Collégiale Sainte-Croix de Liège

Collégiale Sainte-Croix de Liège
Collégiale Sainte-Croix de Liège

Placed in the center of

the city, the Collégiale Sainte-Croix de Liège (Holy Cross Collegiate of Liege) was intended to be a religious and civic point of focus when the town was an important station of the Holy Roman empire.

Building started around 976 A.D. in the Romanesque style and continued for many years. As architectural tastes changed over the years of construction, style became more Gothic. Collégiale Sainte-Croix was the crowning jewel of the city, visible from just about any part of town. It was also well-known for housing St. Hubert’s Key, a charm used for the treatment of rabies in the Middle Ages.

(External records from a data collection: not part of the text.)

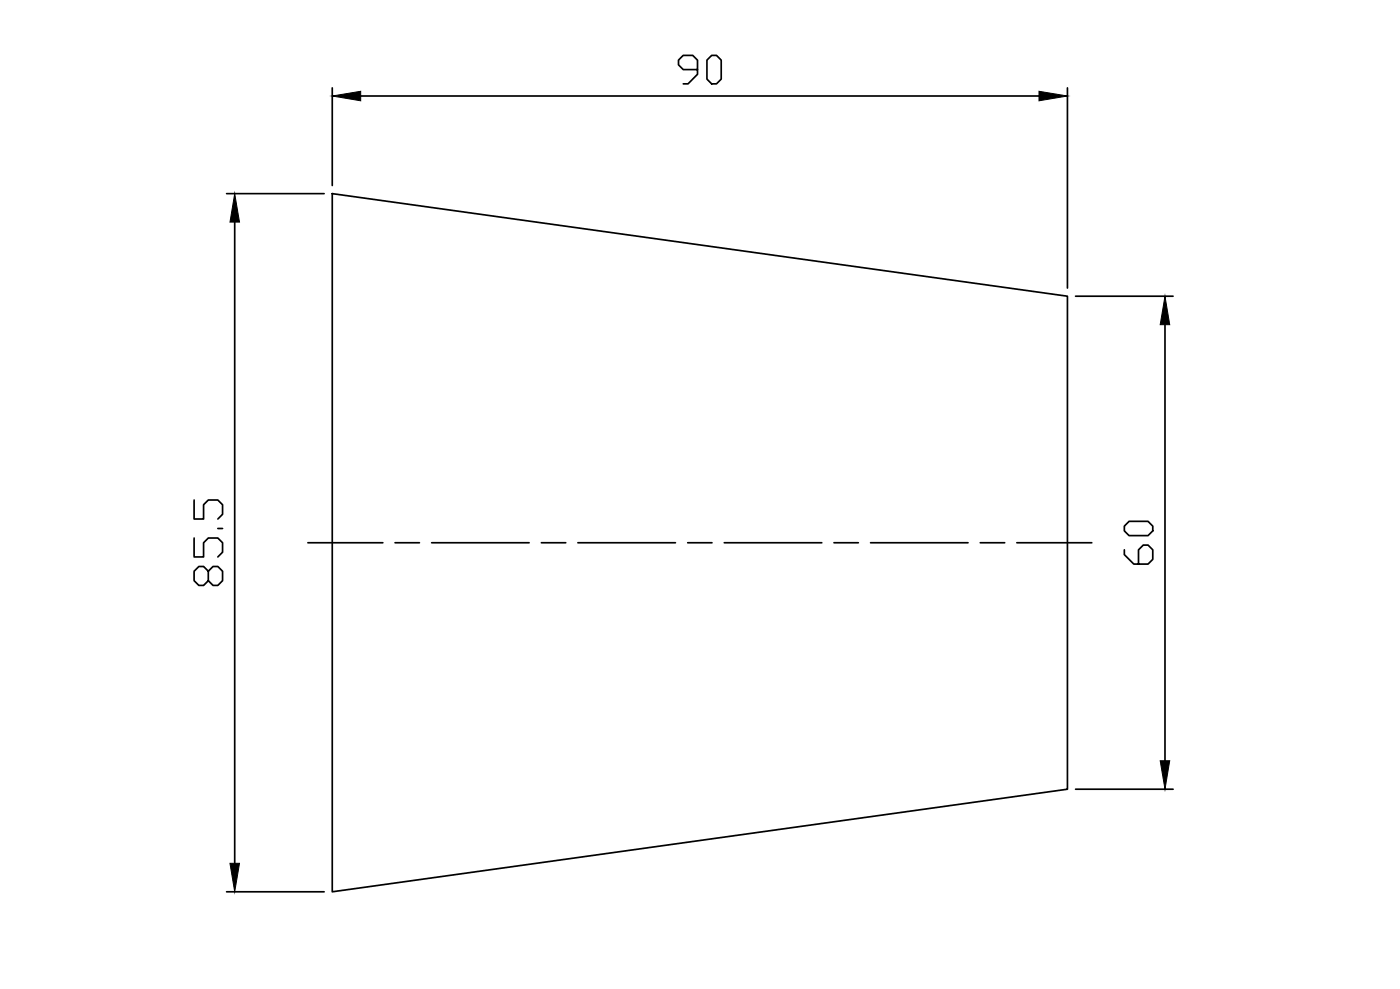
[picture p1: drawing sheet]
<svg xmlns="http://www.w3.org/2000/svg" width="210mm" height="148mm" viewBox="0 0 210 148" stroke-linecap="round" stroke-linejoin="round" font-family="sans-serif">
<defs><g id="words">
<g font-size="7.9">
<text x="100.5" y="13.8">90</text>
<text x="34.2" y="88.9" transform="rotate(-90 34.2 88.9)">85.5</text>
<text x="173.6" y="85.7" transform="rotate(-90 173.6 85.7)">60</text>
</g>
</g></defs>
<!-- layer: 0 -->
<path d="M49.8 29l110.2 15.4v73.8l-110.2 15.4z" fill="none" stroke="#000" stroke-width=".25"/>
<!-- layer: AM_5 -->
<path d="M49.8 13.2v14.6M54.1 14.4h101.7M160 13.2v30M34 29h14.6M35.2 33.3v96M161.3 44.4h14.6M174.7 48.6v65.4M161.3 118.2h14.6M34 133.6h14.6" fill="none" stroke="#000" stroke-width=".25"/>
<path d="M49.8 14.4l4.3-.7v1.4zM155.8 13.7l4.2 .7-4.2 .7zM35.2 29l.7 4.3h-1.4zM174.7 44.4l.7 4.2h-1.5zM173.9 114h1.5l-.7 4.2zM34.5 129.3h1.4l-.7 4.3z" fill="#000" stroke="#000" stroke-width=".15"/>
<!-- layer: AM_7 -->
<path d="M46.2 81.3h11.2M59.2 81.3h3.7M64.7 81.3h14.6M81.2 81.3h3.6M86.6 81.3h14.7M103.1 81.3h3.7M108.6 81.3h14.6M125 81.3h3.7M130.5 81.3h14.6M147 81.3h3.6M152.5 81.3h11.2" fill="none" stroke="#000" stroke-width=".25"/>
<use href="#words"/>
</svg>
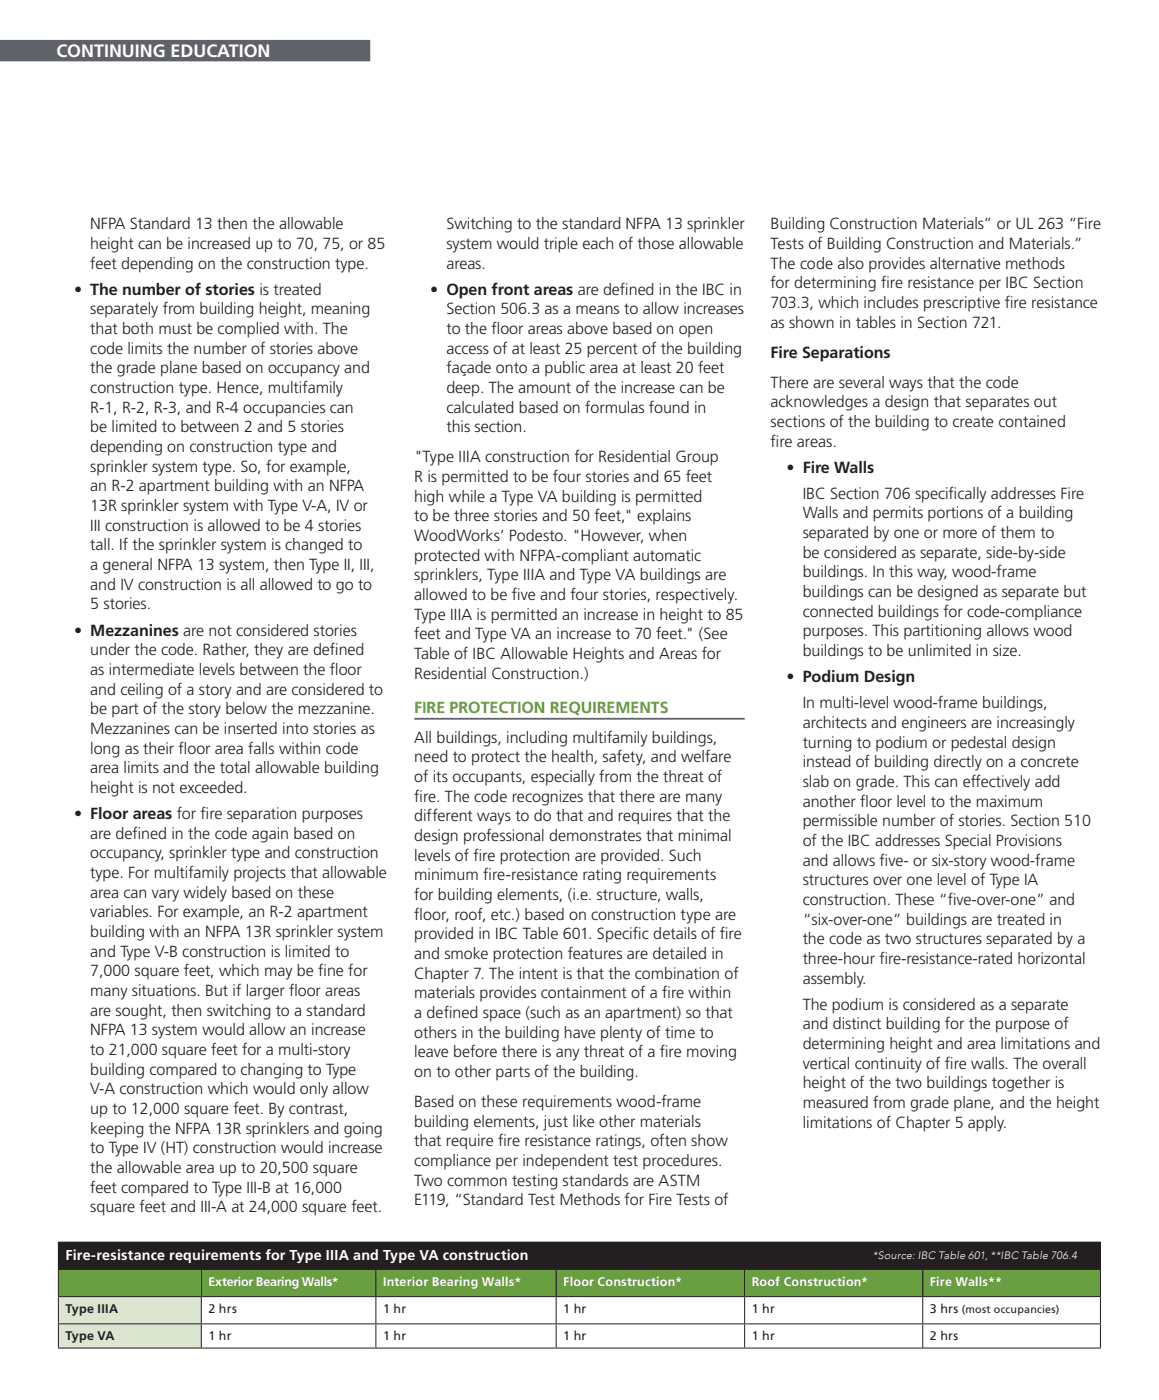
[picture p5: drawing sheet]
<svg xmlns="http://www.w3.org/2000/svg" width="229mm" height="276mm" viewBox="0 0 229 276" stroke-linecap="round" stroke-linejoin="round" font-family="sans-serif">
<defs><g id="words">
<text font-size="3.5" fill="#fff" x="11.1" y="11.2">CONTINUING EDUCATION</text>
<g font-size="3.2" fill="#231f20">
<text x="17.8" y="45.2">NFPA Standard 13 then the allowable</text>
<text x="88.1" y="45.2">Switching to the standard NFPA 13 sprinkler</text>
<text x="152" y="45.2">Building Construction Materials” or UL 263 “Fire</text>
<text x="17.8" y="49.1">height can be increased up to 70, 75, or 85</text>
<text x="17.8" y="53">feet depending on the construction type.</text>
<text x="88.1" y="49.1">system would triple each of those allowable</text>
<text x="88.1" y="53">areas.</text>
<text x="152" y="49.1">Tests of Building Construction and Materials.”</text>
<text x="152" y="53">The code also provides alternative methods</text>
<text x="14.6" y="58.2">• The number of stories is treated</text>
<text x="84.9" y="58.2">• Open front areas are def</text>
<text x="122.3" y="58.2">ined in the IBC in</text>
<text x="152" y="56.9">for determining f</text>
<text x="173.8" y="56.9">ire resistance per IBC Section</text>
<text x="17.8" y="62">separately from building height, meaning</text>
<text x="17.8" y="65.9">that both must be complied with. The</text>
<text x="88.1" y="62">Section 506.3 as a means to allow increases</text>
<text x="88.1" y="65.9">to the f</text>
<text x="96.9" y="65.9">loor areas above based on open</text>
<text x="152" y="60.8">703.3, which includes prescriptive f</text>
<text x="152" y="64.6">as shown in tables in Section 721.</text>
<text x="198.2" y="60.8">ire resistance</text>
<text x="17.8" y="69.8">code limits the number of stories above</text>
<text x="88.1" y="69.8">access of at least 25 percent of the building</text>
<text x="152" y="70.6">Fire Separations</text>
<text x="17.8" y="73.7">the grade plane based on occupancy and</text>
<text x="17.8" y="77.6">construction type. Hence, multifamily</text>
<text x="88.1" y="73.7">façade onto a public area at least 20 feet</text>
<text x="88.1" y="77.6">deep. The amount of the increase can be</text>
<text x="152" y="76.5">There are several ways that the code</text>
<text x="17.8" y="81.4">R-1, R-2, R-3, and R-4 occupancies can</text>
<text x="88.1" y="81.4">calculated based on formulas found in</text>
<text x="152" y="80.4">acknowledges a design that separates out</text>
<text x="17.8" y="85.3">be limited to between 2 and 5 stories</text>
<text x="17.8" y="89.2">depending on construction type and</text>
<text x="88.1" y="85.3">this section.</text>
<text x="152" y="84.2">sections of the building to create contained</text>
<text x="152" y="88.1">f</text>
<text x="152" y="88.1">ire areas.</text>
<text x="17.8" y="93.1">sprinkler system type. So, for example,</text>
<text x="81.7" y="91.2">&quot;Type IIIA construction for Residential Group</text>
<text x="81.7" y="95.1">R is permitted to be four stories and 65 feet</text>
<text x="155.2" y="93.3">• Fire Walls</text>
<text x="17.8" y="97">an R-2 apartment building with an NFPA</text>
<text x="17.8" y="100.8">13R sprinkler system with Type V-A, IV or</text>
<text x="81.7" y="99">high while a Type VA building is permitted</text>
<text x="158.3" y="98.4">IBC Section 706 specif</text>
<text x="187.1" y="98.4">ically addresses Fire</text>
<text x="17.8" y="104.7">III construction is allowed to be 4 stories</text>
<text x="81.7" y="102.9">to be three stories and 50 feet,&quot; explains</text>
<text x="81.7" y="106.8">WoodWorks’ Podesto. &quot;However, when</text>
<text x="158.3" y="102.3">Walls and permits portions of a building</text>
<text x="158.3" y="106.2">separated by one or more of them to</text>
<text x="17.8" y="108.6">tall. If the sprinkler system is changed to</text>
<text x="17.8" y="112.5">a general NFPA 13 system, then Type II, III,</text>
<text x="81.7" y="110.6">protected with NFPA-compliant automatic</text>
<text x="158.3" y="110.1">be considered as separate, side-by-side</text>
<text x="158.3" y="113.9">buildings. In this way, wood-frame</text>
<text x="17.8" y="116.4">and IV construction is all allowed to go to</text>
<text x="81.7" y="114.5">sprinklers, Type IIIA and Type VA buildings are</text>
<text x="81.7" y="118.4">allowed to be f</text>
<text x="100.9" y="118.4">ive and four stories, respectively.</text>
<text x="158.3" y="117.8">buildings can be designed as separate but</text>
<text x="14.6" y="125.4">• Mezzanines are not considered stories</text>
<text x="17.8" y="120.2">5 stories.</text>
<text x="81.7" y="122.3">Type IIIA is permitted an increase in height to 85</text>
<text x="158.3" y="121.7">connected buildings for code-compliance</text>
<text x="158.3" y="125.6">purposes. This partitioning allows wood</text>
<text x="17.8" y="129.3">under the code. Rather, they are def</text>
<text x="65.1" y="129.3">ined</text>
<text x="81.7" y="126.2">feet and Type VA an increase to 70 feet.&quot; (See</text>
<text x="81.7" y="130">Table of IBC Allowable Heights and Areas for</text>
<text x="158.3" y="129.5">buildings to be unlimited in size.</text>
<text x="17.8" y="133.2">as intermediate levels between the f</text>
<text x="17.8" y="137">and ceiling of a story and are considered to</text>
<text x="65.1" y="133.2">loor</text>
<text x="81.7" y="133.9">Residential Construction.)</text>
<text x="155.2" y="134.6">• Podium Design</text>
<text x="17.8" y="140.9">be part of the story below the mezzanine.</text>
<text x="158.3" y="139.8">In multi-level wood-frame buildings,</text>
<text x="158.3" y="143.6">architects and engineers are increasingly</text>
<text x="17.8" y="144.8">Mezzanines can be inserted into stories as</text>
<text x="17.8" y="148.7">long as their f</text>
<text x="35.2" y="148.7">loor area falls within code</text>
<text x="81.7" y="146.5">All buildings, including multifamily buildings,</text>
<text x="158.3" y="147.5">turning to podium or pedestal design</text>
<text x="17.8" y="152.6">area limits and the total allowable building</text>
<text x="81.7" y="150.4">need to protect the health, safety, and welfare</text>
<text x="81.7" y="154.3">of its occupants, especially from the threat of</text>
<text x="158.3" y="151.4">instead of building directly on a concrete</text>
<text x="158.3" y="155.3">slab on grade. This can effectively add</text>
<text x="14.6" y="161.6">• Floor areas for f</text>
<text x="17.8" y="156.4">height is not exceeded.</text>
<text x="39.6" y="161.6">ire separation purposes</text>
<text x="81.7" y="158.2">f</text>
<text x="81.7" y="158.2">ire. The code recognizes that there are many</text>
<text x="158.3" y="159.2">another f</text>
<text x="169.7" y="159.2">loor level to the maximum</text>
<text x="17.8" y="165.5">are def</text>
<text x="26.1" y="165.5">ined in the code again based on</text>
<text x="81.7" y="162.1">different ways to do that and requires that the</text>
<text x="81.7" y="165.9">design professional demonstrates that minimal</text>
<text x="158.3" y="163">permissible number of stories. Section 510</text>
<text x="158.3" y="166.9">of the IBC addresses Special Provisions</text>
<text x="17.8" y="169.4">occupancy, sprinkler type and construction</text>
<text x="17.8" y="173.2">type. For multifamily projects that allowable</text>
<text x="81.7" y="169.8">levels of f</text>
<text x="81.7" y="173.7">minimum f</text>
<text x="93.4" y="169.8">ire protection are provided. Such</text>
<text x="95.3" y="173.7">ire-resistance rating requirements</text>
<text x="158.3" y="170.8">and allows f</text>
<text x="173.5" y="170.8">ive- or six-story wood-frame</text>
<text x="17.8" y="177.1">area can vary widely based on these</text>
<text x="81.7" y="177.6">for building elements, (i.e. structure, walls,</text>
<text x="158.3" y="174.7">structures over one level of Type IA</text>
<text x="158.3" y="178.6">construction. These “f</text>
<text x="186.9" y="178.6">ive-over-one” and</text>
<text x="17.8" y="181">variables. For example, an R-2 apartment</text>
<text x="17.8" y="184.9">building with an NFPA 13R sprinkler system</text>
<text x="81.7" y="181.5">f</text>
<text x="81.7" y="181.5">loor, roof, etc.) based on construction type are</text>
<text x="81.7" y="185.3">provided in IBC Table 601. Specif</text>
<text x="124.8" y="185.3">ic details of f</text>
<text x="142" y="185.3">ire</text>
<text x="158.3" y="182.4">“six-over-one” buildings are treated in</text>
<text x="17.8" y="188.8">and Type V-B construction is limited to</text>
<text x="81.7" y="189.2">and smoke protection features are detailed in</text>
<text x="158.3" y="186.3">the code as two structures separated by a</text>
<text x="158.3" y="190.2">three-hour f</text>
<text x="173.4" y="190.2">ire-resistance-rated horizontal</text>
<text x="17.8" y="192.6">7,000 square feet, which may be f</text>
<text x="17.8" y="196.5">many situations. But if larger f</text>
<text x="57" y="196.5">loor areas</text>
<text x="62.8" y="192.6">ine for</text>
<text x="81.7" y="193.1">Chapter 7. The intent is that the combination of</text>
<text x="81.7" y="197">materials provides containment of a f</text>
<text x="130.6" y="197">ire within</text>
<text x="158.3" y="194.1">assembly.</text>
<text x="17.8" y="200.4">are sought, then switching to a standard</text>
<text x="81.7" y="200.9">a def</text>
<text x="87.5" y="200.9">ined space (such as an apartment) so that</text>
<text x="158.3" y="199.2">The podium is considered as a separate</text>
<text x="158.3" y="203.1">and distinct building for the purpose of</text>
<text x="17.8" y="204.3">NFPA 13 system would allow an increase</text>
<text x="17.8" y="208.2">to 21,000 square feet for a multi-story</text>
<text x="81.7" y="204.7">others in the building have plenty of time to</text>
<text x="81.7" y="208.6">leave before there is any threat of a f</text>
<text x="130.1" y="208.6">ire moving</text>
<text x="158.3" y="207">determining height and area limitations and</text>
<text x="17.8" y="212">building compared to changing to Type</text>
<text x="17.8" y="215.9">V-A construction which would only allow</text>
<text x="81.7" y="212.5">on to other parts of the building.</text>
<text x="158.3" y="210.9">vertical continuity of f</text>
<text x="158.3" y="214.8">height of the two buildings together is</text>
<text x="186.4" y="210.9">ire walls. The overall</text>
<text x="17.8" y="219.8">up to 12,000 square feet. By contrast,</text>
<text x="81.7" y="218.4">Based on these requirements wood-frame</text>
<text x="158.3" y="218.6">measured from grade plane, and the height</text>
<text x="17.8" y="223.7">keeping the NFPA 13R sprinklers and going</text>
<text x="17.8" y="227.6">to Type IV (HT) construction would increase</text>
<text x="81.7" y="222.3">building elements, just like other materials</text>
<text x="81.7" y="226.2">that require f</text>
<text x="98.2" y="226.2">ire resistance ratings, often show</text>
<text x="158.3" y="222.5">limitations of Chapter 5 apply.</text>
<text x="17.8" y="231.4">the allowable area up to 20,500 square</text>
<text x="81.7" y="230.1">compliance per independent test procedures.</text>
<text x="81.7" y="233.9">Two common testing standards are ASTM</text>
<text x="17.8" y="235.3">feet compared to Type III-B at 16,000</text>
<text x="17.8" y="239.2">square feet and III-A at 24,000 square feet.</text>
<text x="81.7" y="237.8">E119, “Standard Test Methods for Fire Tests of</text>
</g>
<text font-size="3.2" fill="#699e41" x="81.7" y="140.6">FIRE PROTECTION REQUIREMENTS</text>
<text font-size="2.8" fill="#fff" x="12.9" y="248.6">Fire-resistance requirements for Type IIIA and Type VA construction</text>
<g font-size="2.5" fill="#fff">
<text x="41.1" y="253.7">Exterior Bearing Walls*</text>
<text x="75.6" y="253.7">Interior Bearing Walls*</text>
<text x="111.1" y="253.7">Floor Construction*</text>
<text x="148.3" y="253.7">Roof Construction*</text>
<text x="183.4" y="253.7">Fire Walls**</text>
</g>
<g font-size="2.5" fill="#231f20">
<text x="12.9" y="259.1">Type IIIA</text>
<text x="41.1" y="259.1">2 hrs</text>
<text x="75.6" y="259.1">1 hr</text>
<text x="111.1" y="259.1">1 hr</text>
<text x="148.3" y="259.1">1 hr</text>
<text x="183.4" y="259.1">3 hrs</text>
<text x="12.9" y="264.5">Type VA</text>
<text x="41.1" y="264.5">1 hr</text>
<text x="75.6" y="264.5">1 hr</text>
<text x="111.1" y="264.5">1 hr</text>
<text x="148.3" y="264.5">1 hr</text>
<text x="183.4" y="264.5">2 hrs</text>
</g>
<text font-size="2.1" fill="#fff" x="172.2" y="248.4">*Source: IBC Table 601, **IBC Table 706.4</text>
<text font-size="2.1" fill="#231f20" x="189.7" y="259.1">(most occupancies)</text>
</g></defs>
<path d="M0 10h73" fill="none" stroke="#5f6369" stroke-width="4.2" stroke-linecap="butt"/>
<path d="M81.7 141.8h65.2" fill="none" stroke="#5f6369" stroke-width=".35"/>
<path d="M11.5 245.1h205.6v5.4h-205.6z" fill="#231f20"/>
<path d="M11.5 250.5h28.2v5.3h-28.2zM39.7 250.5h34.4v5.3h-34.4zM74.1 250.5h35.6v5.3h-35.6zM109.7 250.5h37.2v5.3h-37.2zM146.9 250.5h35.1v5.3h-35.1zM182 250.5h35.1v5.3h-35.1z" fill="#699e41"/>
<path d="M11.5 255.8h28.2v5.4h-28.2zM11.5 261.2h28.2v4.8h-28.2z" fill="#dbe5cf"/>
<g fill="none" stroke="#231f20" stroke-width=".2">
<path d="M11.4 245.1h205.7M11.4 250.5h205.7M11.4 255.8h205.7M11.5 245.2v5.2M11.5 250.5v5.2M11.5 255.9v5.2M39.7 250.5v5.2M39.7 255.9v5.2M74.1 250.5v5.2M74.1 255.9v5.2M109.7 250.5v5.2M109.7 255.9v5.2"/>
<path d="M146.9 250.5v5.2M146.9 255.9v5.2M182 250.5v5.2M182 255.9v5.2M217.1 245.2v5.2M217.1 250.5v5.2M217.1 255.9v5.2M11.4 261.2h205.7M11.4 266h205.7M11.5 261.3v4.6M39.7 261.3v4.6M74.1 261.3v4.6"/>
<path d="M109.7 261.3v4.6M146.9 261.3v4.6M182 261.3v4.6M217.1 261.3v4.6"/>
</g>
<use href="#words"/>
</svg>

In the 1960s a highway was built to snake directly around the church. While this served commuters well, it essentially cut Sainte-Croix off from the rest of the city. Within a decade the church had been almost totally abandoned. Despite repeated conservation efforts, it fell into serious disrepair. As of 2014 the major of Liège declared the church unsafe to visit as its edifices were crumbling. Pointed out as one of the 2014 endangered monument watch list by the Worlds Monument Fund, it was finally decided to renovate it and convert it both as a Christian church, and as the start point of the “circuit des Collégiales” by the city of Liege. The Walloon government will give 1.5 million euros yearly for 10 years to reconstruct the historic church, even if as of now it still sits tucked between expressways, falling apart.